Anos depois minha mãe relata que naquele momento de dor, durante o velório, chegou Oldacino do Tijolo, conhecido na cidade pelo tipo de empreendedor bem-sucedido, mas que mantivera o mesmo estilo de vestir e de ser de quando era pobre. É este o homem que coloca seu chapéu no peito em sinal de reverência ao morto e faz o mais belo discurso que alguém poderia fazer naquele momento. Relembrou ele que, quando menino pobre que carregava areia do Rio Ipojuca no lombo do burro, meu pai, filho de Seu João do Rego, fazendeiro bem-sucedido, tirava comida da feira da casa para dar a ele e a outros na mesma situação de pobreza. Anunciou que ali estava partindo um homem com espírito iluminado que, durante sua vida, com seu bom humor e magnanimidade, cultivara amigos verdadeiros.

Minha mãe, ainda hoje, quarenta e seis anos depois, lembra com emoção que ancorou o seu desamparo naquele discurso e se confortou.

*

Teresa Rego tomou uma decisão radical. Deixou para trás Caruaru e partiu com seus quatros filhos para Recife. Eu, o mais velho, com treze anos; Monica, Jacqueline e Luciano, o caçula, com três anos, compúnhamos o pesado fardo que o destino colocara em seus ombros. Sozinha, desamparada e bela, atributo que mais atrapalhou do que ajudou, trabalhou com todas as suas energias para nos educar. Um dos fatores do enfarte do pai havia sido a impossibilidade de lidar com a falência do patrimônio da família.
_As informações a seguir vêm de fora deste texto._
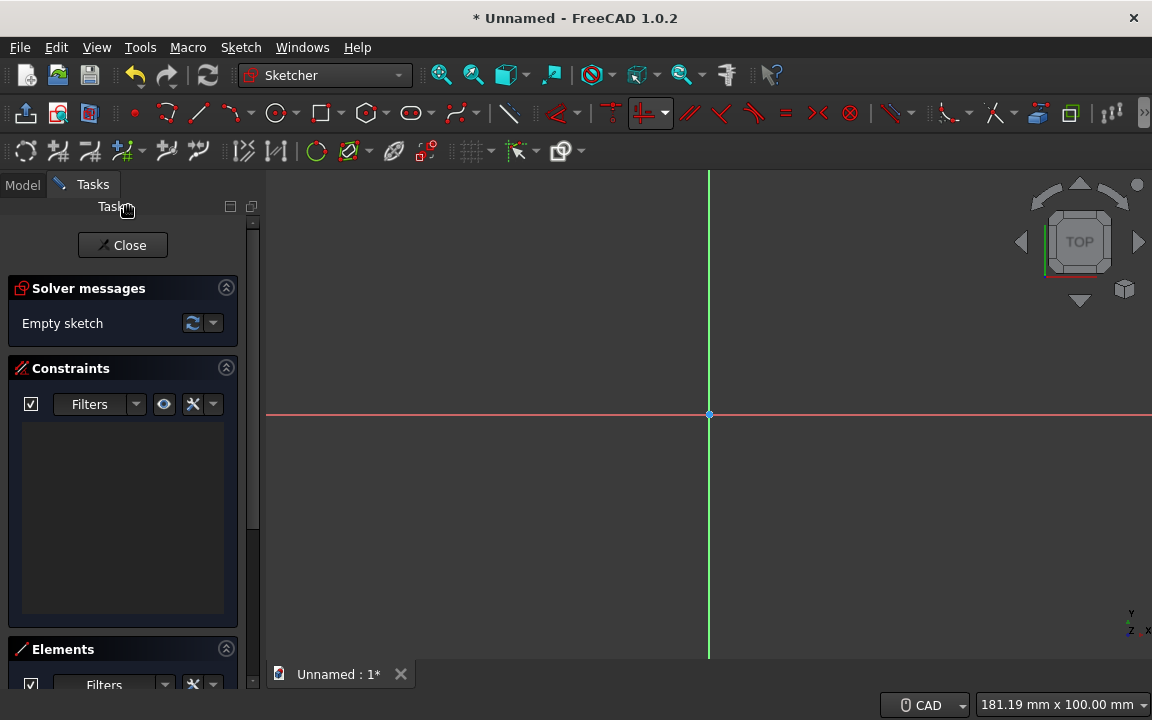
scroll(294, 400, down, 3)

A morte do pai, pelo desamparo e a capacidade de lhe jogar em um abismo de angústia, quando se é ainda uma criança, é um dos significantes mais importantes na estruturação do sujeito. Assim como outros traumas importantes, você cresce e tece sua vida sem se desgarrar dele. A Função Paterna, quer pela presença ou pela ausência – esta, ainda mais poderosa – funda sua humanidade.

Hoje, após tantos anos, olho para trás e compreendo, com certa serenidade, a morte como condição inalienável da nossa existência. As vezes vem precoce e injusta; outras, tardia e dolorosa, dilacerando lentamente, com a doença, nosso corpo.O certo é que, qual misterioso espectro, usando o tempo como afiada e infalível arma, demarca e nos impulsiona à vida – mesmo que disto não tenhamos consciência.